▸ **What this task involves**
Search the records for the word "percussion" and copy each line in which it appears.

───── Given information ─────

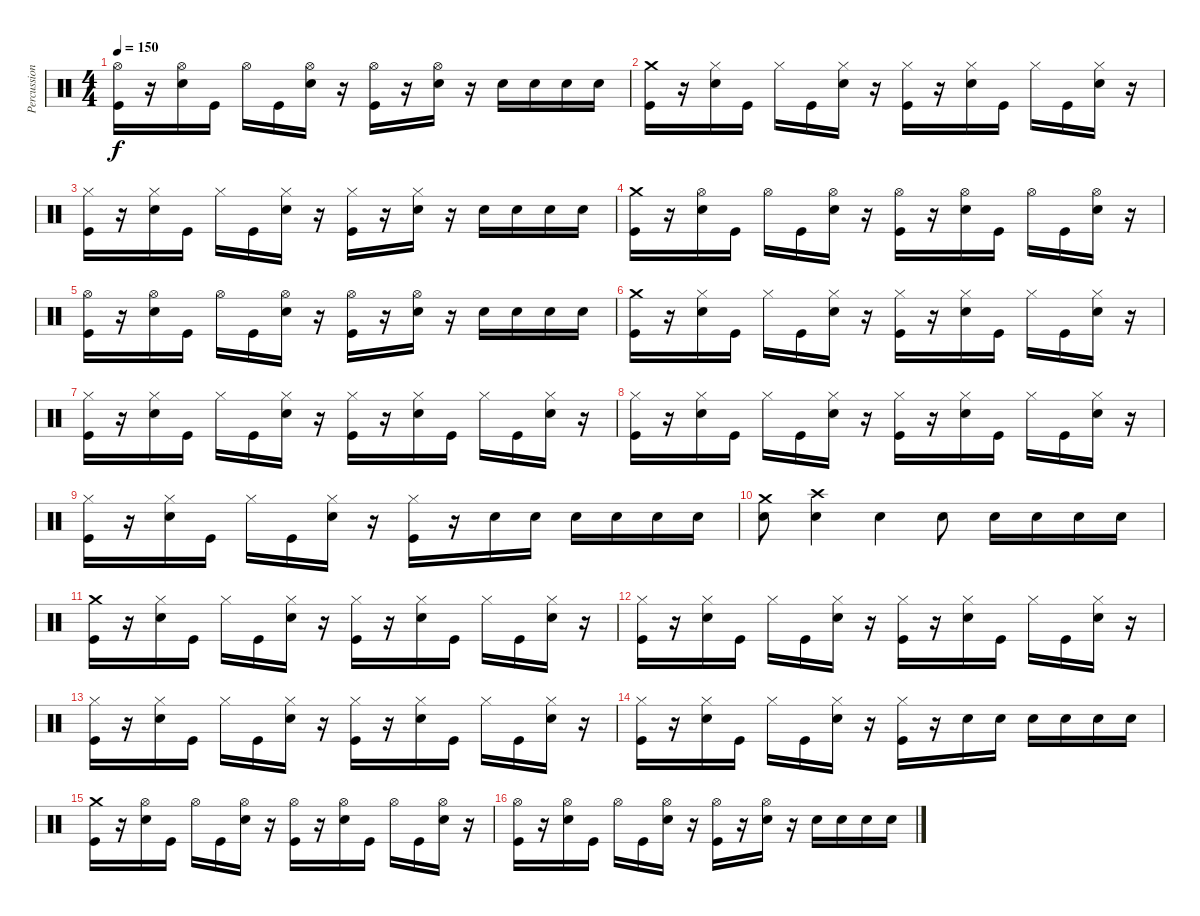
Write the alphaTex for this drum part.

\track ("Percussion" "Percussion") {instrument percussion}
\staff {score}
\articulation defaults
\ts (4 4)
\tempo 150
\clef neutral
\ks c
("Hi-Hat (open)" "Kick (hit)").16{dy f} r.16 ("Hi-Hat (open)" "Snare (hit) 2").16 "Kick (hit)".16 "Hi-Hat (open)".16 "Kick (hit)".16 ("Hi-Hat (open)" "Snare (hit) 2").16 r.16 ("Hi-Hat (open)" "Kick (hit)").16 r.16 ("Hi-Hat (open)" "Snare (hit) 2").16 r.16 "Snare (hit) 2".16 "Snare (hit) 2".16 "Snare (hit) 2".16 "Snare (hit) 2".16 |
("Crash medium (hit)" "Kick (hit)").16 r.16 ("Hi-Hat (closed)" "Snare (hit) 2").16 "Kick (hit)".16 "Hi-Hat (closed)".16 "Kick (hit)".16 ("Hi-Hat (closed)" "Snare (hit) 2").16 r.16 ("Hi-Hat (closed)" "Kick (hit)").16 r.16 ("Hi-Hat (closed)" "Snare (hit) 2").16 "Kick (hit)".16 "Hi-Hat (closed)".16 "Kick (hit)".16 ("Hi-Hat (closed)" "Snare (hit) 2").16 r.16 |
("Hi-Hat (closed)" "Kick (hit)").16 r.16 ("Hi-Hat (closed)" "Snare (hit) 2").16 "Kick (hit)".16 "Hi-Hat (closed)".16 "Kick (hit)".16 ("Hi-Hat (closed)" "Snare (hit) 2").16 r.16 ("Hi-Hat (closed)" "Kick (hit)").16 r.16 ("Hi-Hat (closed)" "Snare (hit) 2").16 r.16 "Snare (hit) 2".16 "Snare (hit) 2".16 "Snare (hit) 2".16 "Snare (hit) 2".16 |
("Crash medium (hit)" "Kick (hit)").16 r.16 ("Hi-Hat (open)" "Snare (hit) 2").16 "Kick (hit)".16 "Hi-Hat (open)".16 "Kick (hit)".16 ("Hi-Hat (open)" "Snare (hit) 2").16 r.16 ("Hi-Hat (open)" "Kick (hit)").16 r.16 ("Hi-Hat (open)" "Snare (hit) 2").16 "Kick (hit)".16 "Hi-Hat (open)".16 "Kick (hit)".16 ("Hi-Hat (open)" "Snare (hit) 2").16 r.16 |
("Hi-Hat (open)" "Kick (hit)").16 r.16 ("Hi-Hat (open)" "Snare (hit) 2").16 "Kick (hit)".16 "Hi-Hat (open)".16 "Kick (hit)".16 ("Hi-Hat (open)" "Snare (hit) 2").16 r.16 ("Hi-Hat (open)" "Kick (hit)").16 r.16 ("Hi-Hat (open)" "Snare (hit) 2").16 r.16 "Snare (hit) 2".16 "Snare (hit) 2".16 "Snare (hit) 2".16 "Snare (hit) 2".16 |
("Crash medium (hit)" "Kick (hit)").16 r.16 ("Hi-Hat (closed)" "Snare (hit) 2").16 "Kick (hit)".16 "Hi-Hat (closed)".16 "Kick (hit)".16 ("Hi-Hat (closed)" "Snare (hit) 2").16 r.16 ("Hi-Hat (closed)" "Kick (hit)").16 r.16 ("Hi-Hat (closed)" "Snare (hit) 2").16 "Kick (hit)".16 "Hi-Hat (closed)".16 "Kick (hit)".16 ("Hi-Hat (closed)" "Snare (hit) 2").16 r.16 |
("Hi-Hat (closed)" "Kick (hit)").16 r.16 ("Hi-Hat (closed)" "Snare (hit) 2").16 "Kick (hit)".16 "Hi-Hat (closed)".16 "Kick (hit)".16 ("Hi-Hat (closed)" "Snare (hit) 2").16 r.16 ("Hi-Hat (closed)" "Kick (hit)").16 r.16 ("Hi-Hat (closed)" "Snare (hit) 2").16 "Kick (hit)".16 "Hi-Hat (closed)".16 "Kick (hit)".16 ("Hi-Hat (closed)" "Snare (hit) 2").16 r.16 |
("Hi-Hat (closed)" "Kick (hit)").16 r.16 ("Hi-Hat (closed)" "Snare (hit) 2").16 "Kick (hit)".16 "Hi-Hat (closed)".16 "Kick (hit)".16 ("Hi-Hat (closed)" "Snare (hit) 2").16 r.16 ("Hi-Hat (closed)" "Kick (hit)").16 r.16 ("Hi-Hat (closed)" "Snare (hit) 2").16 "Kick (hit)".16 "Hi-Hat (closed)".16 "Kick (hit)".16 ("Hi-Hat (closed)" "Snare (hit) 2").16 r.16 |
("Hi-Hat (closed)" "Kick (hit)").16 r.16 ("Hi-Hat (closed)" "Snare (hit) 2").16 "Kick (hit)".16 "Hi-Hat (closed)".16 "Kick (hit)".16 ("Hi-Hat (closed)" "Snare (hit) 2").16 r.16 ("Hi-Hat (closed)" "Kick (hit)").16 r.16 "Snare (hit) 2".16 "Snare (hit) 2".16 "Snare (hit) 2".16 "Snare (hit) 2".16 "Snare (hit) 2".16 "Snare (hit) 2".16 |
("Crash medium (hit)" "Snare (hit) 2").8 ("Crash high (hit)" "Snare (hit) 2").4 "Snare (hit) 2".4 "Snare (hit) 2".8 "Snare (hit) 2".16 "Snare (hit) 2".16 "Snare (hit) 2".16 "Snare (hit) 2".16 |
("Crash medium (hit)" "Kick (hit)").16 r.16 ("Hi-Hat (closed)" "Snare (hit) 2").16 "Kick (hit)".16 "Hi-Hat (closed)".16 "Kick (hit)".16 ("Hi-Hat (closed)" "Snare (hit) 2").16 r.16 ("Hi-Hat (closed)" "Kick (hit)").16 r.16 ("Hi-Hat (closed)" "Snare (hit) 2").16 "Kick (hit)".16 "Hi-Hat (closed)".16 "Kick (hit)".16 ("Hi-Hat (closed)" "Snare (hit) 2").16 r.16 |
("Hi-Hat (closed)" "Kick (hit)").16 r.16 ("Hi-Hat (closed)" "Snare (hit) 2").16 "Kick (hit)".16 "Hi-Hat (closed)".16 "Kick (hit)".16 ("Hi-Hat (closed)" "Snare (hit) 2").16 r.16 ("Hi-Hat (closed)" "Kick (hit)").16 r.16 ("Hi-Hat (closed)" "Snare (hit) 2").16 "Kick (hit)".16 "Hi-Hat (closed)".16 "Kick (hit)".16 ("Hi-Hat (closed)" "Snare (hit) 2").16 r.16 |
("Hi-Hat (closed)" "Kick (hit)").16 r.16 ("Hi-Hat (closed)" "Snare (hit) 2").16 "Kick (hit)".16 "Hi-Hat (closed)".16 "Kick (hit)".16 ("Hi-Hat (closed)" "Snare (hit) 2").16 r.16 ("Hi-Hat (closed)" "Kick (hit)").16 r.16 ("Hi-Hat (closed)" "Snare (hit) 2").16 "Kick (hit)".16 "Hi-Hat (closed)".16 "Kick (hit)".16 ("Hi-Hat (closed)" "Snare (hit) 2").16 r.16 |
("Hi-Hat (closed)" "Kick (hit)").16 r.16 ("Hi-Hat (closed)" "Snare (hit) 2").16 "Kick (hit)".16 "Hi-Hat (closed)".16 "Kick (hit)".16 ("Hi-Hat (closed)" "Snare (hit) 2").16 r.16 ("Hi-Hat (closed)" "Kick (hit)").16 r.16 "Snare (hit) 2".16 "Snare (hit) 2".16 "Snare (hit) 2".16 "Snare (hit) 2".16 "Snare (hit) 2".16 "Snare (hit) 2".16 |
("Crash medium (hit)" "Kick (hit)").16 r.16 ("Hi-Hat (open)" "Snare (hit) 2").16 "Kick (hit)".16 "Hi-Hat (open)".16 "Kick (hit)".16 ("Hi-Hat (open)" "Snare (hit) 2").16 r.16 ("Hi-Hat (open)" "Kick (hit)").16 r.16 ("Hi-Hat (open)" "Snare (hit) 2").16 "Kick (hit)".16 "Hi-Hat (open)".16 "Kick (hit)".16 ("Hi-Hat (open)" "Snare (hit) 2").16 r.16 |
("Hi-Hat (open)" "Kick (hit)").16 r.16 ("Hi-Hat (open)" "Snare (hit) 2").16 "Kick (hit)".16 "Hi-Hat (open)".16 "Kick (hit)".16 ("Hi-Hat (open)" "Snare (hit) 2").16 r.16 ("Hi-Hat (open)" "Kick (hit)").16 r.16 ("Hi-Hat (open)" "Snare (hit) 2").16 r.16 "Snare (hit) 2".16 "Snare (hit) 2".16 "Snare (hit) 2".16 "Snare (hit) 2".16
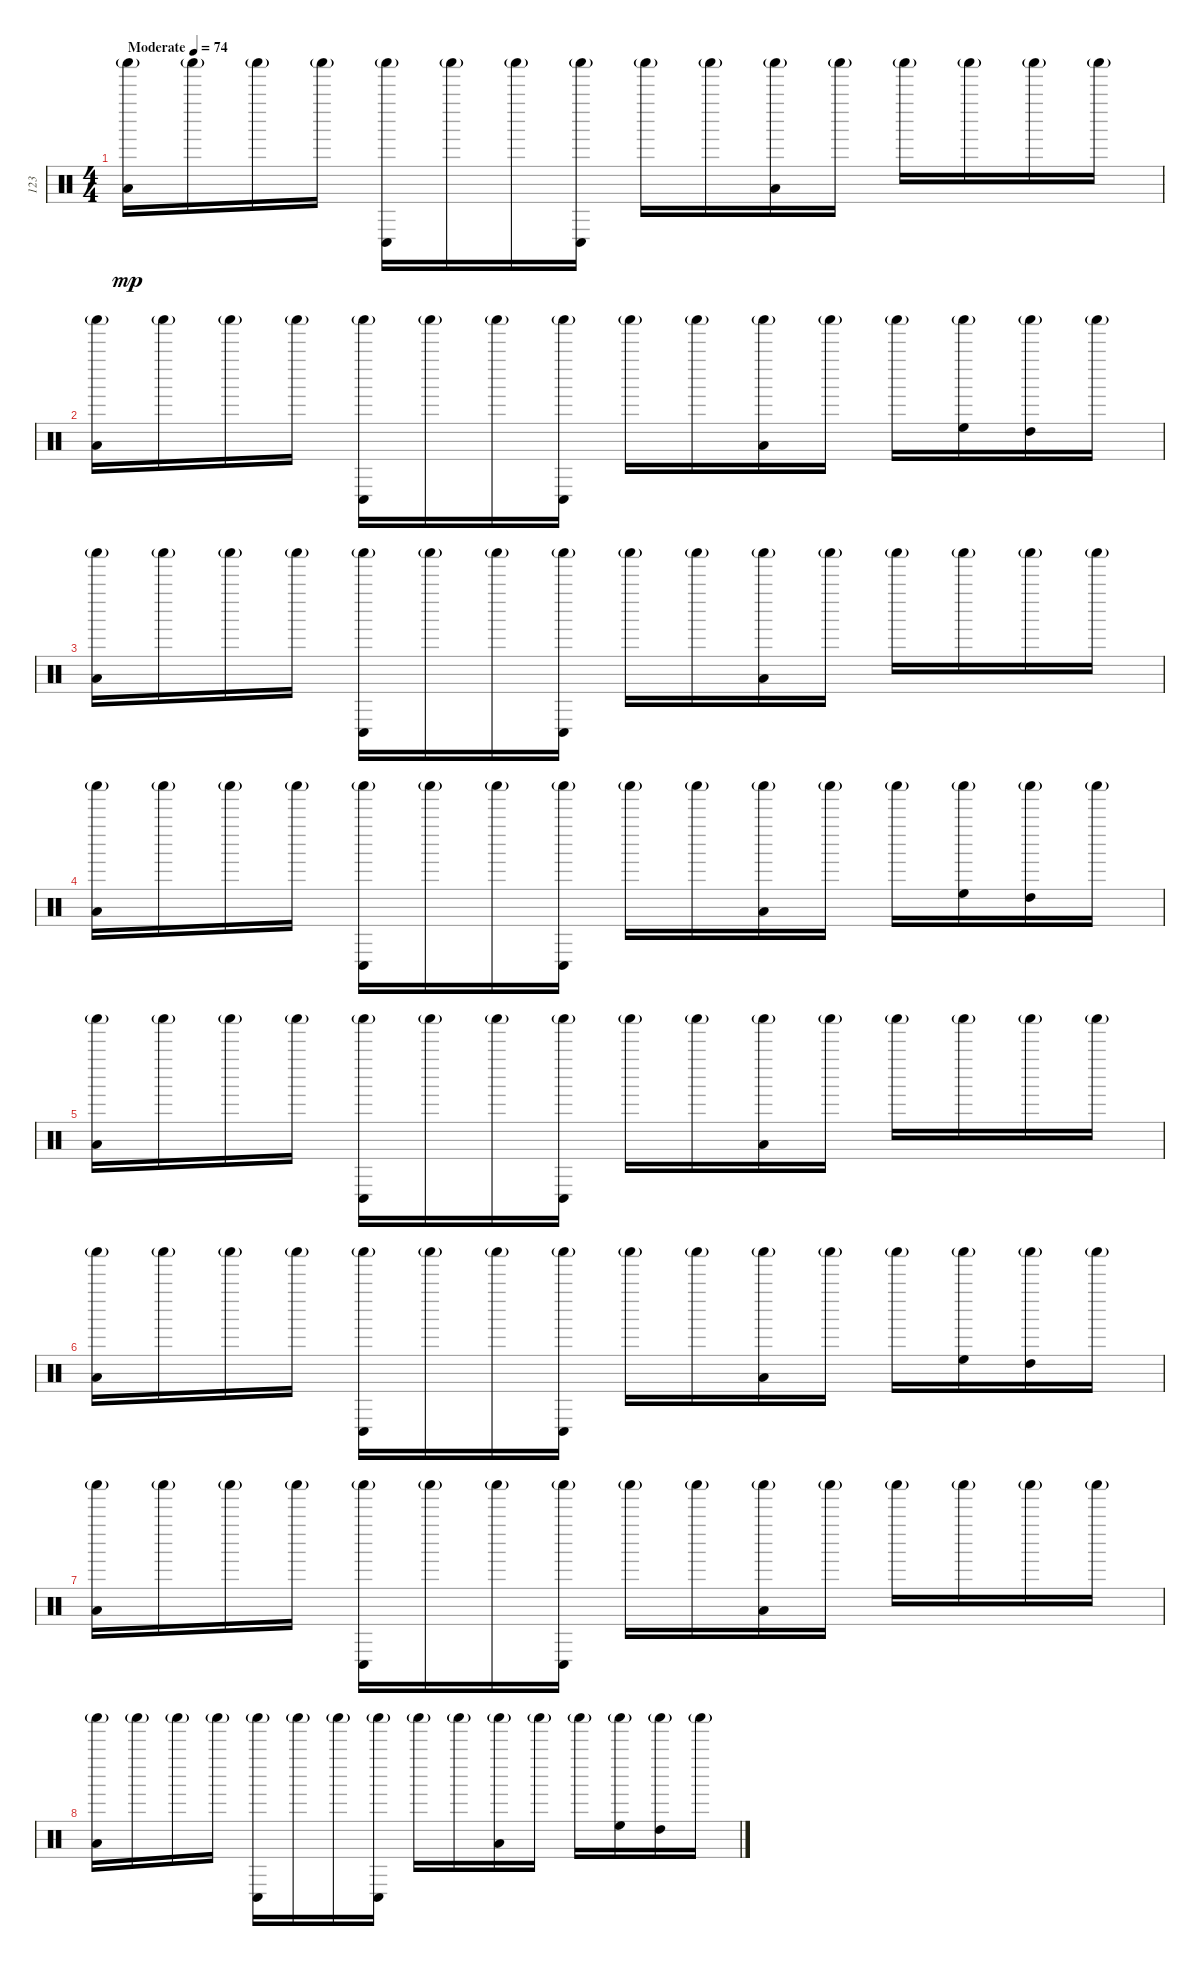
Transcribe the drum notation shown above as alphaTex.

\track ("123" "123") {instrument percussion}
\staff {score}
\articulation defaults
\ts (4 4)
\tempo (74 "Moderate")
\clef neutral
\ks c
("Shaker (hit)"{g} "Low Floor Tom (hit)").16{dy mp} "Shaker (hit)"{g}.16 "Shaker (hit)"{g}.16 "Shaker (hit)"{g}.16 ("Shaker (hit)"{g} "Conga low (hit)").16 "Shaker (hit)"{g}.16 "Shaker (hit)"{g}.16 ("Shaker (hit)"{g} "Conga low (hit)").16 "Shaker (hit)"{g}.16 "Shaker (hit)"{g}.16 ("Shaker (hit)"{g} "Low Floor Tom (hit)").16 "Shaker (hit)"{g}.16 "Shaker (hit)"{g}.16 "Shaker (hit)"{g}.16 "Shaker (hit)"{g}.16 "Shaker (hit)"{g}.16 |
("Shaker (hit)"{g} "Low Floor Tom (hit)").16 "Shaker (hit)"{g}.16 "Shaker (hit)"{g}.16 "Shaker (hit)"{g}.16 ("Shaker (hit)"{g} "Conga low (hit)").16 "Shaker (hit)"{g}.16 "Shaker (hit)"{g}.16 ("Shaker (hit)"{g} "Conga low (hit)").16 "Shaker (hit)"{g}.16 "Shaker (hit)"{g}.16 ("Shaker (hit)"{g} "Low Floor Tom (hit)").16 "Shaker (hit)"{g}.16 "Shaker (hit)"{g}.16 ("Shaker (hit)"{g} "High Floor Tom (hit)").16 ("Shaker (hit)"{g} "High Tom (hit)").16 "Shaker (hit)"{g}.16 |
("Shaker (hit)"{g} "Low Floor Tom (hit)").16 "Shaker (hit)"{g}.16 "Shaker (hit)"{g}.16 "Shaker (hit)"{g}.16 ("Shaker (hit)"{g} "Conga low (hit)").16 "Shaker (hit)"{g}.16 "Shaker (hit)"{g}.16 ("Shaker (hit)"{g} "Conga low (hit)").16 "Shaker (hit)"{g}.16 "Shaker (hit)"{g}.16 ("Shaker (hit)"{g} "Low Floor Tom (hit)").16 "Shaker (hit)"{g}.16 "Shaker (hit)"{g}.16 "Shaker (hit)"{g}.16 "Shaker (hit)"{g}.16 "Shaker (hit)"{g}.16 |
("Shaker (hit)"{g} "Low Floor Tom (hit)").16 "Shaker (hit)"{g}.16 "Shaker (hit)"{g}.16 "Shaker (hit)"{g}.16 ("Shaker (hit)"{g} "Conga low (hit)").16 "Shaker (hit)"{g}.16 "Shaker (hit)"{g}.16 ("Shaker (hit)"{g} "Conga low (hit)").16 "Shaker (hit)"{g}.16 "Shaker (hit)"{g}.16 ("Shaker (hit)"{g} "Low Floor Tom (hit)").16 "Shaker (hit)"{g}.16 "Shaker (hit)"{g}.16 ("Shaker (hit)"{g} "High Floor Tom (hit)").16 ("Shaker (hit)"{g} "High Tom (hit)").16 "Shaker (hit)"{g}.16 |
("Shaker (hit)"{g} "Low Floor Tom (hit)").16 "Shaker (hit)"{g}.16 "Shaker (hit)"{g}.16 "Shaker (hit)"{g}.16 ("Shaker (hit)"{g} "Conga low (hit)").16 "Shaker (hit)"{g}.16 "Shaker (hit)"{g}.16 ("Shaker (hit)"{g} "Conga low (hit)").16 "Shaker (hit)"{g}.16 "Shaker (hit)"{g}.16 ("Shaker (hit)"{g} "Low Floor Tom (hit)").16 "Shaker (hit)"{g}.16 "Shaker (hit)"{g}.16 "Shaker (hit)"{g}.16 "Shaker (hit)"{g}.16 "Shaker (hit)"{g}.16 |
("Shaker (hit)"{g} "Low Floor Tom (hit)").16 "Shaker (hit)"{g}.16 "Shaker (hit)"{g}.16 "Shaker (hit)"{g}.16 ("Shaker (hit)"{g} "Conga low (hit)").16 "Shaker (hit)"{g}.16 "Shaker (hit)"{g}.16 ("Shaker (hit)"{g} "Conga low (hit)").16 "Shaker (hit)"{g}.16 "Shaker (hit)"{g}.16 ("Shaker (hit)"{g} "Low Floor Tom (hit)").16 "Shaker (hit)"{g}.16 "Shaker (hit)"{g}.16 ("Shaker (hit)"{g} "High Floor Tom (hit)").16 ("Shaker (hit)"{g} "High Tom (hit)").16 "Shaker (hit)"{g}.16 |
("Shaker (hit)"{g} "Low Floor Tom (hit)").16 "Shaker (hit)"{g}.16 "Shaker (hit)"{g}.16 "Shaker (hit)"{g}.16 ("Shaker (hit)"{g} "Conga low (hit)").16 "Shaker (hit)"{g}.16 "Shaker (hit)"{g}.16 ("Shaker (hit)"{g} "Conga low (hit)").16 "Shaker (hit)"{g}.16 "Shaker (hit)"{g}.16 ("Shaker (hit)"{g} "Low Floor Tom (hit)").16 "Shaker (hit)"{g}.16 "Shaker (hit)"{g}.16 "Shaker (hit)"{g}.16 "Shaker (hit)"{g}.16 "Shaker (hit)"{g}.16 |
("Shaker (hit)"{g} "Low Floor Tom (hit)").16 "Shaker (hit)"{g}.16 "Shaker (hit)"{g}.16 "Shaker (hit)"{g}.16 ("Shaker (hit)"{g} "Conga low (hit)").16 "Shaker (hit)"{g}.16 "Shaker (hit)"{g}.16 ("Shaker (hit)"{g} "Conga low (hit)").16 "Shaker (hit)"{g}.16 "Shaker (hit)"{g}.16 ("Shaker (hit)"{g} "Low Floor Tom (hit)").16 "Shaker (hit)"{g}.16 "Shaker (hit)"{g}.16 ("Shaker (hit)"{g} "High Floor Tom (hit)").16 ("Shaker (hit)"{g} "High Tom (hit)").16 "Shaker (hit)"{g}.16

─────

▸ **Exercise response**
\track ("Percussion" "Percussion") {instrument percussion}
\track ("123" "123") {instrument percussion}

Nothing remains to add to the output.